A naive approach - write review to Postgres, recompute the average via SELECT AVG(rating), and sort by helpful_votes DESC - breaks at scale for three distinct reasons. First, a full-table scan over 50 million reviews for a popular product just to recompute one average kills your database during every write. Second, duplicate detection via a UNIQUE constraint on (user_id, product_id) misses the case where a review farm submits 500 slightly different reviews from 500 different compromised accounts all rating the same ASIN. Third, a simple ORDER BY helpful_votes DESC ranking is trivially gameable: a single viral review from a week ago will always outrank a newer one that is objectively more useful. You need a confidence-adjusted score, not a raw vote count.
We need to solve for throughput isolation - writes must not block reads, and fraud scoring must not block writes - plus incrementally maintained aggregates instead of recomputed ones, plus a statistically robust ranking function, all simultaneously.
Requirements and Constraints
Functional Requirements
- Accept review submissions (star rating 1-5, free text up to 5,000 chars, optional media) and return an acknowledgement within 200ms
- Deduplicate submissions: reject exact duplicates within 90 days and near-duplicates from the same account on the same product within 24 hours
- Score each review for fraud using behavioral signals; reject high-confidence fraud, queue borderline cases for human review
- Maintain per-product rolling average star rating that updates within 5 seconds of a new verified review landing
- Rank visible reviews per product by “helpfulness,” defined as a Wilson score lower confidence bound on the helpful-vote ratio
- Surface the top-50 reviews per product on the product detail page (sorted by helpfulness, then recency)
- Allow full-text search of reviews per product with faceting by star rating, verified purchase, and recency
- Support soft-deletion of reviews that are later flagged by moderators, with all aggregates updated accordingly
Non-Functional Requirements
- Write throughput: 500 submissions/second sustained, 2,000/second burst (10x Prime Day spike)
- Read throughput: 50,000 requests/second for product review pages (read-heavy ratio 100:1)
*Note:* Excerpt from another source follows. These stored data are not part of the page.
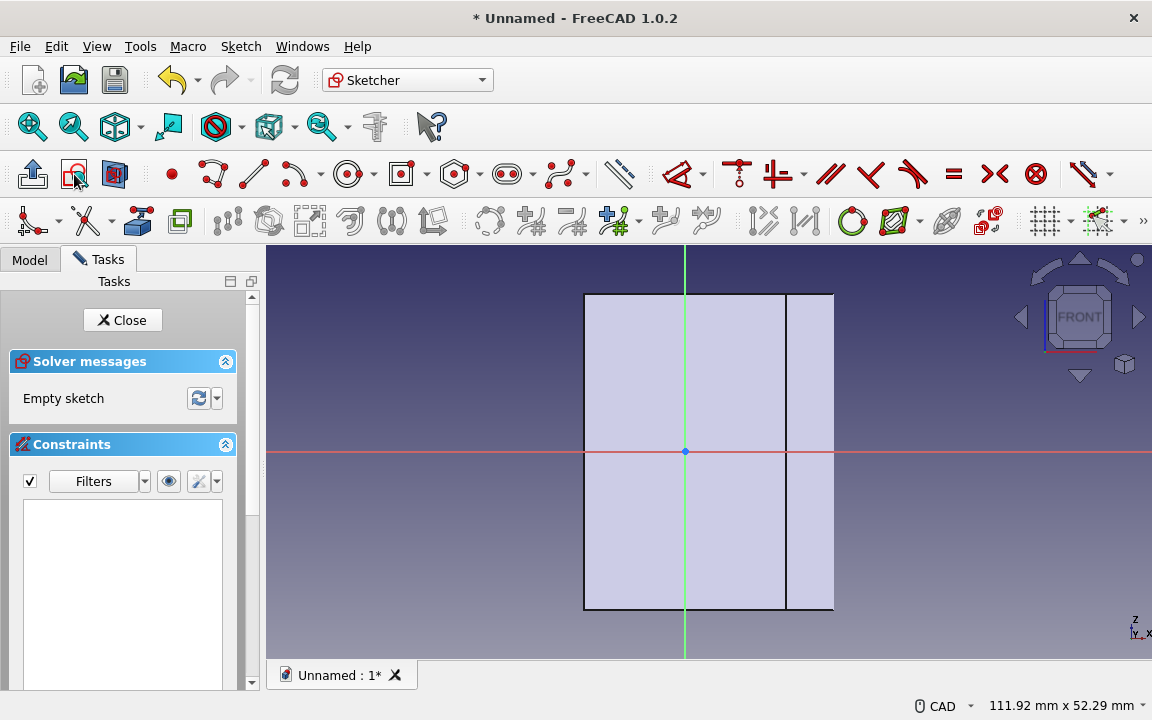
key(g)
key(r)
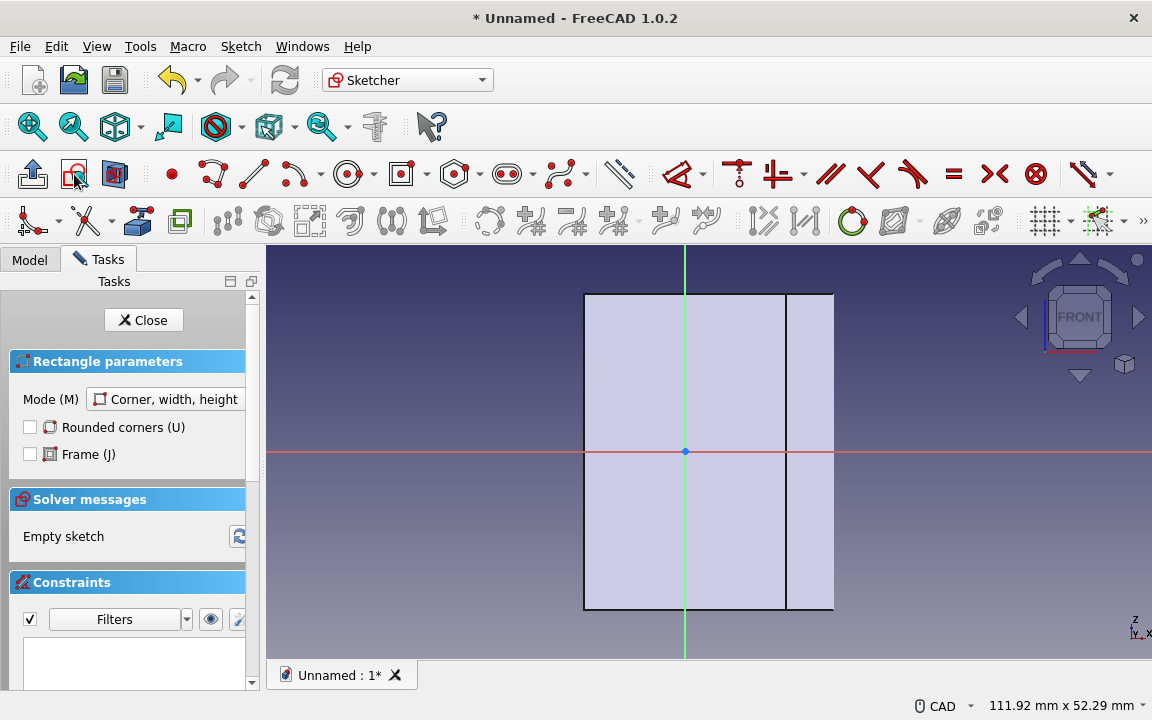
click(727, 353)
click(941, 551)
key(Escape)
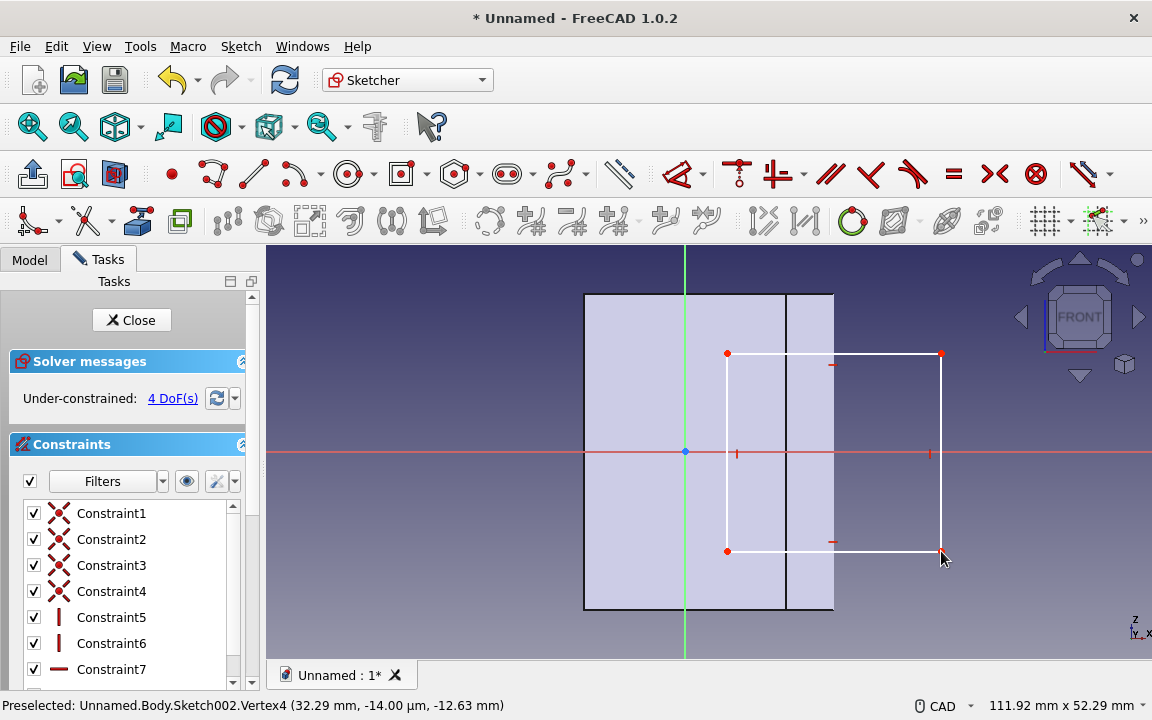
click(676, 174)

- Review aggregate latency: average star rating visible to 99% of users within 5 seconds of a new review passing fraud check
- API p99 write latency: under 250ms (synchronous dedup check + Kafka publish)
- API p99 read latency: under 50ms for cached product review summaries
- Fraud detection latency: under 500ms per review in the async scoring pipeline
- Durability: zero review data loss; all raw submissions retained in S3 for 7 years (regulatory)
- Availability: 99.99% uptime on read path; writes can degrade gracefully to async-only mode
- Storage: approximately 5 TB for 3 years of review text + metadata; 200 GB for Redis working set
Constraints and Assumptions
- Reviews are not editable after submission (simplifies aggregate maintenance)
- Helpful votes are a separate event stream, not part of the review submission pipeline
- We do not build the ML training pipeline here - the fraud model is pre-trained and served via a feature store
- Geographic distribution (per-country review sets) is out of scope; we design for a single region
- Comment/reply threads on reviews are out of scope
High-Level Architecture
The system separates into five major components with distinct scaling characteristics. Understanding which component dominates which bottleneck is the key to sizing the system correctly.
The Review API Gateway handles inbound submissions, enforces rate limits (10 reviews/user/day), authenticates the request via the customer identity service, and performs the synchronous deduplication check. It returns a 202 Accepted to the customer immediately after publishing to Kafka - the rest of the pipeline is asynchronous.
The Dedup Service runs inside the API gateway request path. It computes a fingerprint from (asin, user_id, normalized_text) and checks Redis for that fingerprint using SETNX. If the key already exists, the submission is rejected with a 409 Conflict. This is the only part of the pipeline that blocks the customer’s HTTP request.
The Fraud Detection Service consumes the review-submissions Kafka topic, extracts behavioral signals, scores via a pre-loaded XGBoost model, and routes: clean reviews pass to the rating aggregator, high-confidence fraud is dropped with a moderation record, and borderline cases go to a human review queue backed by DynamoDB.
The Rating Aggregator maintains (weighted_sum, count) per ASIN using Redis HINCRBYFLOAT and HINCRBY, computing the live average as weighted_sum / count. It also writes the updated aggregate to PostgreSQL for durability. This component handles the hot-path throughput problem by avoiding any read-modify-write cycle.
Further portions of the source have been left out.